As long as the grass is green and the waters run. It was a nice phrase, all right. But it didn’t mean anything. It was a metaphor. Eli knew that. Every Indian on the reserve knew that. Treaties were hardly sacred documents. They were contracts, and no one signed a contract for eternity. No one. Even the E-Z Pay contracts Bursum offered to his customers to help make a complete home entertainment system affordable never ran much past five or ten years. Even with the balloon payment.
Indians. Bursum had lived with Indians all his life. He had gone to school with Eli, known his mother. He had eaten at Eli’s niece’s restaurant and had given Lionel a job when no one else would because of his criminal record and his heart problem. Bursum considered himself part of the family, always doing what he could to help. He had been one of the leading voices in getting the city to declare February Indian month. Each year he sponsored the basketball team from the Friendship Centre, and hardly a week went by when he wasn’t taking out advertisements in the local Indian newspaper.
Parliament Lake. The way things were going, he might as well give the lot back to the deer and the bears.
Bursum looked at the clock. Nine-for
ty-five already. Where was Lionel? Bursum hated opening the store, had of late cultivated the habit of sitting behind his desk and watching the early morning customers come into the store. It was a way to collect his thoughts, a way to get ready for the day. Each day he sat a little longer. There was no harm in it. He was tired, getting older, becoming reflective.
Parliament Lake. Bursum could picture his cabin. A long expanse of barked logs, soft yellow, glowing and warm. There were evergreens on the peninsula, dark and velvet against the lake and the mountains and white-trunked aspens and Saskatoon bushes.
Bursum sat in his chair behind his desk and looked out at The Map and dreamed about the lake and the cabin, the trees and the bushes, and he was pleased.
He was not pleased about Lionel being late. Already he could see people at the front door. Indians, it looked like. Four of them, waiting in the shelter of the doorway, moving in tight circles to stay warm. Not an auspicious start, Bursum told himself, and he leaned back in the chair, closed his eyes, and watched the lake sparkle in the sunlight.
“Okay,” says Coyote. “Let’s see if I have this right.
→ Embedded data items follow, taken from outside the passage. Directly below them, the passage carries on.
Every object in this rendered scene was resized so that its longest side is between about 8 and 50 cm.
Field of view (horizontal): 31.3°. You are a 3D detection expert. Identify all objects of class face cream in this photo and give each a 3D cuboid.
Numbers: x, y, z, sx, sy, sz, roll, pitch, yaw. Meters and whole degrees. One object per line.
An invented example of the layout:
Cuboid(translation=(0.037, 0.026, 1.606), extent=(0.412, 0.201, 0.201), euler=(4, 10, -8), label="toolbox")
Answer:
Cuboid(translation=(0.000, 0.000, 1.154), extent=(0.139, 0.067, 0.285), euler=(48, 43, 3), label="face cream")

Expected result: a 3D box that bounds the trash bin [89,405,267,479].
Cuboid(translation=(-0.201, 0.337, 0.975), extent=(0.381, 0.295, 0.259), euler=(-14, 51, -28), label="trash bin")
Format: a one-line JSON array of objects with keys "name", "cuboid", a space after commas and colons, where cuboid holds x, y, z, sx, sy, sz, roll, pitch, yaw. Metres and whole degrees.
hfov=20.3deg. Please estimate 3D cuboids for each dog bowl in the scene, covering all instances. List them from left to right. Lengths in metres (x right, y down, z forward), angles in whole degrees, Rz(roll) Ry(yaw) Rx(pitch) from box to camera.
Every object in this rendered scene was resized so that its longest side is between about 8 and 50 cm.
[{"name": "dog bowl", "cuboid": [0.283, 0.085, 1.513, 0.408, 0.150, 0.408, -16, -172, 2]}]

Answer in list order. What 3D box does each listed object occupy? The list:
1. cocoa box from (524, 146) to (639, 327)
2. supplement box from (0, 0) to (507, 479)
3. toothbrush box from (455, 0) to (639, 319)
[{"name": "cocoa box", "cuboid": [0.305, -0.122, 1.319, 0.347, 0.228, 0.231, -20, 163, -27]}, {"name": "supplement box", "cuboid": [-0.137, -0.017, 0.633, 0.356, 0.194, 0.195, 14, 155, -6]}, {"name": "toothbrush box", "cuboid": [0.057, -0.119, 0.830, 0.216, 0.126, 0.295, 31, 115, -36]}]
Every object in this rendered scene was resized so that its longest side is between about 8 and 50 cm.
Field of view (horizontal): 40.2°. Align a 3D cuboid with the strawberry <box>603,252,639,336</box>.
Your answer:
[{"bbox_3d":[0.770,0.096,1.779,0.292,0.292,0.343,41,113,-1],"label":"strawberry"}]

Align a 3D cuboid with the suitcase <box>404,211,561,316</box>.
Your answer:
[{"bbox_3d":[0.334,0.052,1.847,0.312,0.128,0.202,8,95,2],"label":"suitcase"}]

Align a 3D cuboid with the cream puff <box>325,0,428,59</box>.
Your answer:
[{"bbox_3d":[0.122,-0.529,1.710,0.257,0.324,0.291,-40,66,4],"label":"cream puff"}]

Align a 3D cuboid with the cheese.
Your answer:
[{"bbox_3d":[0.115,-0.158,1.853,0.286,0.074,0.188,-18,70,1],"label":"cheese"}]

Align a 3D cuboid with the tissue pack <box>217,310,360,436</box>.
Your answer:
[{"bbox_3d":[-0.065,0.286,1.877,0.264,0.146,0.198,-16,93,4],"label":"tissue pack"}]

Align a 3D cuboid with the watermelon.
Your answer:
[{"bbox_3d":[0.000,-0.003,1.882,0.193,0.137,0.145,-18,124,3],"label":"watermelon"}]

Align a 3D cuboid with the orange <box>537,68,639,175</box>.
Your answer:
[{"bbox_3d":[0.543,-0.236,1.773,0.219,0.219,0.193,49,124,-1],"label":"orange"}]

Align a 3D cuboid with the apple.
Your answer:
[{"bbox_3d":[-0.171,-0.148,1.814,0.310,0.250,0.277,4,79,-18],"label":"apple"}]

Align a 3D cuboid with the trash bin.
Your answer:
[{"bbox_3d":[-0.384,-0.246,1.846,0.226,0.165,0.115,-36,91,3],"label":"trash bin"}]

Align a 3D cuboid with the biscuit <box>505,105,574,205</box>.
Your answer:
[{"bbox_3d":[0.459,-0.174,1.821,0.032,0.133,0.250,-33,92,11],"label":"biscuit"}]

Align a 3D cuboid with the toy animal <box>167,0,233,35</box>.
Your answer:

First, Thought Woman floats off the edge of the world and into the sky.”
“I’m very impressed,” I tell Coyote. “Pretty soon you can tell this story.”
“And then she falls into the ocean,” says Coyote.
“Hooray!” I says. “Hooray!”
“Did I get it right?” says Coyote.
“Not exactly,” I says.
Thought Woman floats around in that ocean for a long time. Three months. Six months. Nine months. You get the idea.
Then she floats ashore.
Where are we? says Thought Woman, and that one sits up in the water. Where is that River? Where are those Rocks? Where are those Trees?
Hello, says a voice. About time you arrived.
Thought Woman looks around and there is a little short guy with a big briefcase.
Allow me to introduce myself, says the man with the big briefcase. And that one hands Thought Woman a card. That card says A. A. Gabriel, Canadian Security and Intelligence Service.
Insurance? says Thought Woman. Burglar alarms?
Oops, says A. A. Gabriel. Wrong side. And he turns that card over. The other side says A. A. Gabriel, Heavenly Host.